Leonardo da Vinci had a strong interest in hydrodynamics. Around
1505 he got interested in "turbulence" (he was the first to use this
name). Examining the "turbulences" (eddies) in the river Arno of Florence,
he found that the amplitude of the turbulence was decreasing very slowly
in time, until it would come to rest (within the surrounding river). In
spite of Leonardo's strong interest in mathematics, at that time, it
consisted basically of geometry and simple polynomial equations. There
were no tools available to describe the very slow temporal relaxation of
turbulence. This topic would remain dormant for about 430 years, until in
1938 Karman, triggered by Taylor, established that the mean energy of the
turbulence should decrease very slowly, indeed like an inverse power of
the time elapsed. Three years later, Kolmogorov himself found another
inverse power
(10/7) of the time elapsed. This, likewise was wrong, because he was
assuming a certain invariance property (Loitsiansky , proved later
wrong by Proudman and Reid). The main change in the last few decades is
that fully developed turbulence is definitely not self-similar, not only
is it fractal, but it can have infinitely many fractal scalings
(multifractality), as proposed by Parisi and Frisch in the eighties.

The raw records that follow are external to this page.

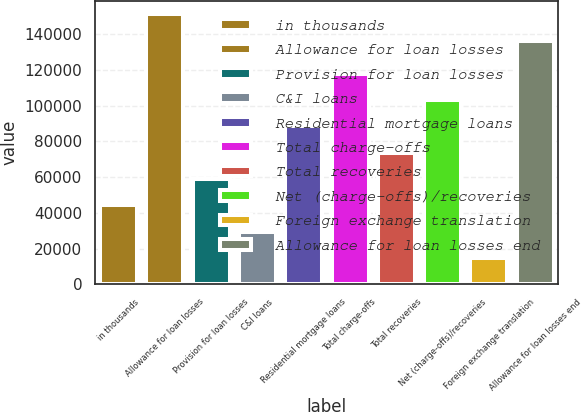<chart> <loc_0><loc_0><loc_500><loc_500><bar_chart><fcel>in thousands<fcel>Allowance for loan losses<fcel>Provision for loan losses<fcel>C&I loans<fcel>Residential mortgage loans<fcel>Total charge-offs<fcel>Total recoveries<fcel>Net (charge-offs)/recoveries<fcel>Foreign exchange translation<fcel>Allowance for loan losses end<nl><fcel>44263.4<fcel>151255<fcel>59017.3<fcel>29509.4<fcel>88525.2<fcel>118033<fcel>73771.3<fcel>103279<fcel>14755.5<fcel>136501<nl></chart> 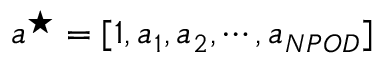<formula> <loc_0><loc_0><loc_500><loc_500>a ^ { ^ { * } } = [ 1 , a _ { 1 } , a _ { 2 } , \cdots , a _ { N P O D } ]</formula> 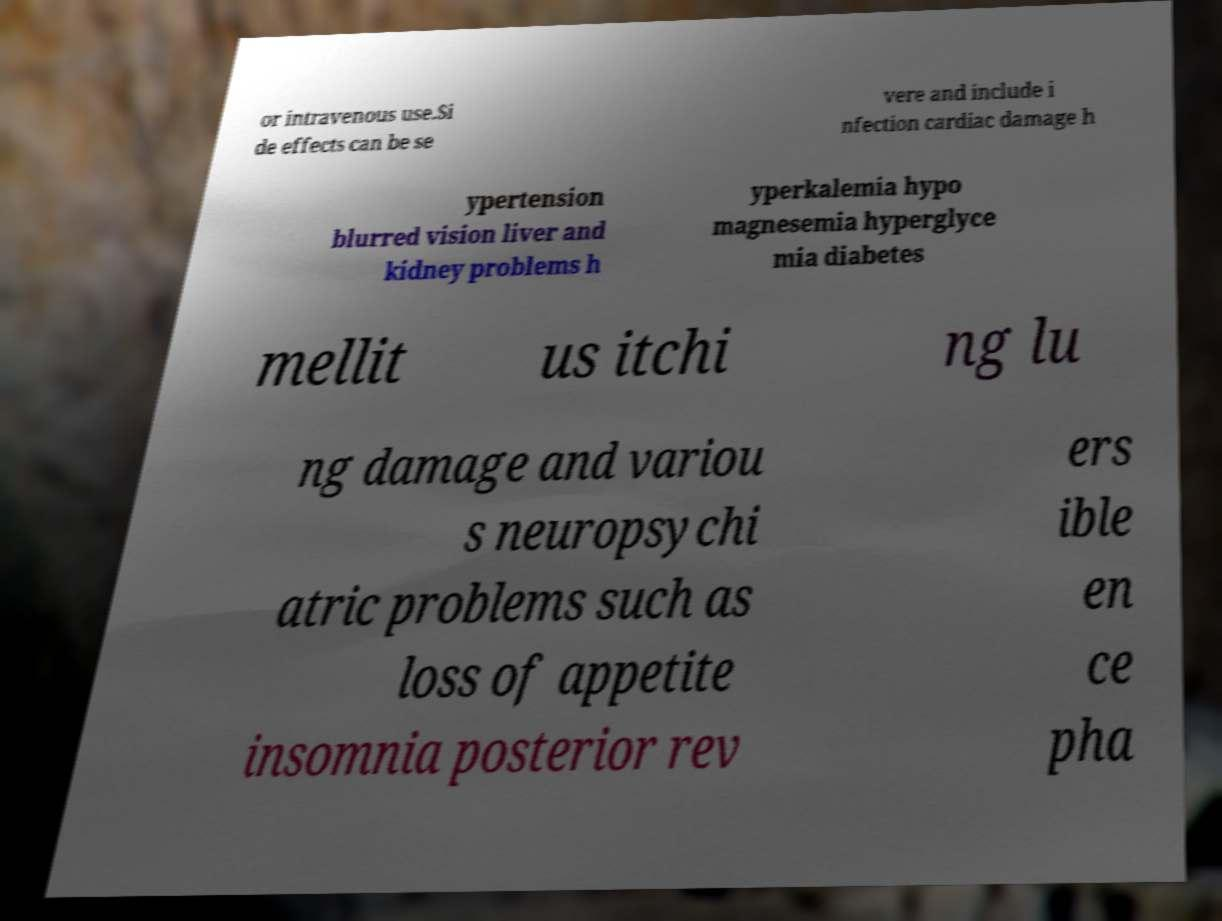There's text embedded in this image that I need extracted. Can you transcribe it verbatim? or intravenous use.Si de effects can be se vere and include i nfection cardiac damage h ypertension blurred vision liver and kidney problems h yperkalemia hypo magnesemia hyperglyce mia diabetes mellit us itchi ng lu ng damage and variou s neuropsychi atric problems such as loss of appetite insomnia posterior rev ers ible en ce pha

Furthermore, multifractality can manifest itself either at small scales or
at large scales. The latter might change the law of energy decay. Not
enough is understood for the 3D Euler equations, but large-scale
multifractality for the Burgers is an interesting possibility, which is
being explored by Frisch, Khanin, Pandit and Roy. A brief exploration of
what happens to the energy decay-law will be presented.